> **Instructions for the task**: Every entry must be transcribed exactly. Pictures are not part of the copy.
····················
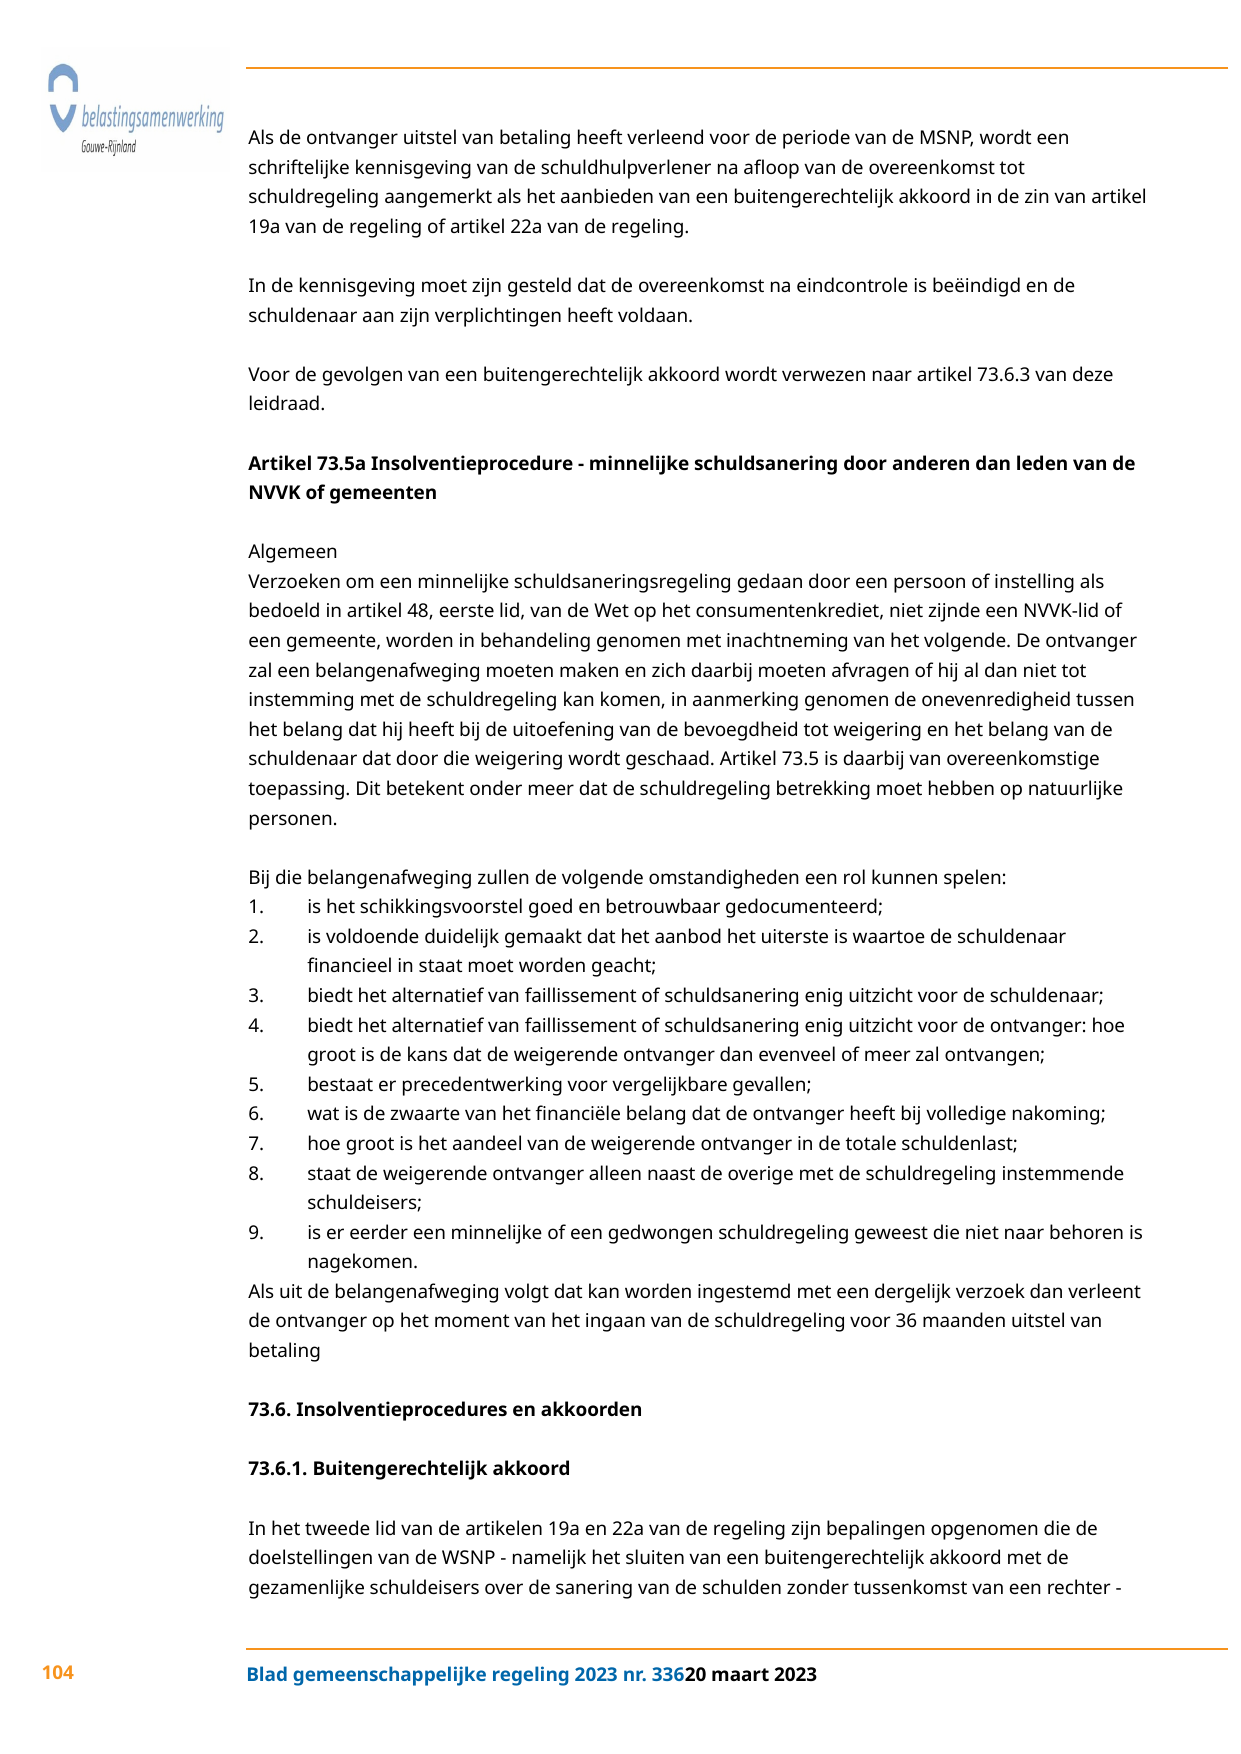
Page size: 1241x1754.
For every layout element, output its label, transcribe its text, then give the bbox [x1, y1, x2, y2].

list hoe groot is het aandeel van de weigerende ontvanger in de totale schuldenlast; [248, 1130, 1152, 1156]
text Algemeen [248, 538, 1152, 564]
list is voldoende duidelijk gemaakt dat het aanbod het uiterste is waartoe de schuldenaar financieel in staat moet worden geacht; [248, 923, 1152, 978]
text 73.6.1. Buitengerechtelijk akkoord [248, 1456, 1152, 1481]
text Als uit de belangenafweging volgt dat kan worden ingestemd met een dergelijk verzoek dan verleent de ontvanger op het moment van het ingaan van de schuldregeling voor 36 maanden uitstel van betaling [248, 1278, 1152, 1363]
text Artikel 73.5a Insolventieprocedure - minnelijke schuldsanering door anderen dan leden van de NVVK of gemeenten [248, 450, 1152, 505]
list bestaat er precedentwerking voor vergelijkbare gevallen; [248, 1071, 1152, 1097]
text In het tweede lid van de artikelen 19a en 22a van de regeling zijn bepalingen opgenomen die de doelstellingen van de WSNP - namelijk het sluiten van een buitengerechtelijk akkoord met de gezamenlijke schuldeisers over de sanering van de schulden zonder tussenkomst van een rechter [248, 1515, 1152, 1600]
picture [41, 47, 231, 172]
list biedt het alternatief van faillissement of schuldsanering enig uitzicht voor de ontvanger: hoe groot is de kans dat de weigerende ontvanger dan evenveel of meer zal ontvangen; [248, 1012, 1152, 1067]
text 73.6. Insolventieprocedures en akkoorden [248, 1396, 1152, 1422]
list biedt het alternatief van faillissement of schuldsanering enig uitzicht voor de schuldenaar; [248, 982, 1152, 1008]
text Verzoeken om een minnelijke schuldsaneringsregeling gedaan door een persoon of instelling als bedoeld in artikel 48, eerste lid, van de Wet op het consumentenkrediet, niet zijnde een NVVK-lid of een gemeente, worden in behandeling genomen met inachtneming van het volgende. De ontvanger zal een belangenafweging moeten maken en zich daarbij moeten afvragen of hij al dan niet tot instemming met de schuldregeling kan komen, in aanmerking genomen de onevenredigheid tussen het belang dat hij heeft bij de uitoefening van de bevoegdheid tot weigering en het belang van de schuldenaar dat door die weigering wordt geschaad. Artikel 73.5 is daarbij van overeenkomstige toepassing. Dit betekent onder meer dat de schuldregeling betrekking moet hebben op natuurlijke personen. [248, 568, 1152, 831]
text Als de ontvanger uitstel van betaling heeft verleend voor de periode van de MSNP, wordt een schriftelijke kennisgeving van de schuldhulpverlener na afloop van de overeenkomst tot schuldregeling aangemerkt als het aanbieden van een buitengerechtelijk akkoord in de zin van artikel 19a van de regeling of artikel 22a van de regeling. [248, 124, 1152, 239]
text In de kennisgeving moet zijn gesteld dat de overeenkomst na eindcontrole is beëindigd en de schuldenaar aan zijn verplichtingen heeft voldaan. [248, 272, 1152, 328]
text Bij die belangenafweging zullen de volgende omstandigheden een rol kunnen spelen: [248, 864, 1152, 890]
list is het schikkingsvoorstel goed en betrouwbaar gedocumenteerd; [248, 893, 1152, 919]
text Voor de gevolgen van een buitengerechtelijk akkoord wordt verwezen naar artikel 73.6.3 van deze leidraad. [248, 361, 1152, 416]
list staat de weigerende ontvanger alleen naast de overige met de schuldregeling instemmende schuldeisers; [248, 1160, 1152, 1215]
list is er eerder een minnelijke of een gedwongen schuldregeling geweest die niet naar behoren is nagekomen. [248, 1219, 1152, 1274]
list wat is de zwaarte van het financiële belang dat de ontvanger heeft bij volledige nakoming; [248, 1101, 1152, 1126]
····················
> **Solved exercise**:
Page size: 1241x1754.
For every layout element, output its label, transcribe its text, then give the bbox [x1, y1, x2, y2].

list hoe groot is het aandeel van de weigerende ontvanger in de totale schuldenlast; [248, 1130, 1152, 1156]
text Algemeen [248, 538, 1152, 564]
list is voldoende duidelijk gemaakt dat het aanbod het uiterste is waartoe de schuldenaar financieel in staat moet worden geacht; [248, 923, 1152, 978]
text 73.6.1. Buitengerechtelijk akkoord [248, 1456, 1152, 1481]
text Als uit de belangenafweging volgt dat kan worden ingestemd met een dergelijk verzoek dan verleent de ontvanger op het moment van het ingaan van de schuldregeling voor 36 maanden uitstel van betaling [248, 1278, 1152, 1363]
text Artikel 73.5a Insolventieprocedure - minnelijke schuldsanering door anderen dan leden van de NVVK of gemeenten [248, 450, 1152, 505]
list bestaat er precedentwerking voor vergelijkbare gevallen; [248, 1071, 1152, 1097]
text In het tweede lid van de artikelen 19a en 22a van de regeling zijn bepalingen opgenomen die de doelstellingen van de WSNP - namelijk het sluiten van een buitengerechtelijk akkoord met de gezamenlijke schuldeisers over de sanering van de schulden zonder tussenkomst van een rechter [248, 1515, 1152, 1600]
picture [41, 47, 231, 172]
list biedt het alternatief van faillissement of schuldsanering enig uitzicht voor de ontvanger: hoe groot is de kans dat de weigerende ontvanger dan evenveel of meer zal ontvangen; [248, 1012, 1152, 1067]
text 73.6. Insolventieprocedures en akkoorden [248, 1396, 1152, 1422]
list biedt het alternatief van faillissement of schuldsanering enig uitzicht voor de schuldenaar; [248, 982, 1152, 1008]
text Verzoeken om een minnelijke schuldsaneringsregeling gedaan door een persoon of instelling als bedoeld in artikel 48, eerste lid, van de Wet op het consumentenkrediet, niet zijnde een NVVK-lid of een gemeente, worden in behandeling genomen met inachtneming van het volgende. De ontvanger zal een belangenafweging moeten maken en zich daarbij moeten afvragen of hij al dan niet tot instemming met de schuldregeling kan komen, in aanmerking genomen de onevenredigheid tussen het belang dat hij heeft bij de uitoefening van de bevoegdheid tot weigering en het belang van de schuldenaar dat door die weigering wordt geschaad. Artikel 73.5 is daarbij van overeenkomstige toepassing. Dit betekent onder meer dat de schuldregeling betrekking moet hebben op natuurlijke personen. [248, 568, 1152, 831]
text Als de ontvanger uitstel van betaling heeft verleend voor de periode van de MSNP, wordt een schriftelijke kennisgeving van de schuldhulpverlener na afloop van de overeenkomst tot schuldregeling aangemerkt als het aanbieden van een buitengerechtelijk akkoord in de zin van artikel 19a van de regeling of artikel 22a van de regeling. [248, 124, 1152, 239]
text In de kennisgeving moet zijn gesteld dat de overeenkomst na eindcontrole is beëindigd en de schuldenaar aan zijn verplichtingen heeft voldaan. [248, 272, 1152, 328]
text Bij die belangenafweging zullen de volgende omstandigheden een rol kunnen spelen: [248, 864, 1152, 890]
list is het schikkingsvoorstel goed en betrouwbaar gedocumenteerd; [248, 893, 1152, 919]
text Voor de gevolgen van een buitengerechtelijk akkoord wordt verwezen naar artikel 73.6.3 van deze leidraad. [248, 361, 1152, 416]
list staat de weigerende ontvanger alleen naast de overige met de schuldregeling instemmende schuldeisers; [248, 1160, 1152, 1215]
list is er eerder een minnelijke of een gedwongen schuldregeling geweest die niet naar behoren is nagekomen. [248, 1219, 1152, 1274]
list wat is de zwaarte van het financiële belang dat de ontvanger heeft bij volledige nakoming; [248, 1101, 1152, 1126]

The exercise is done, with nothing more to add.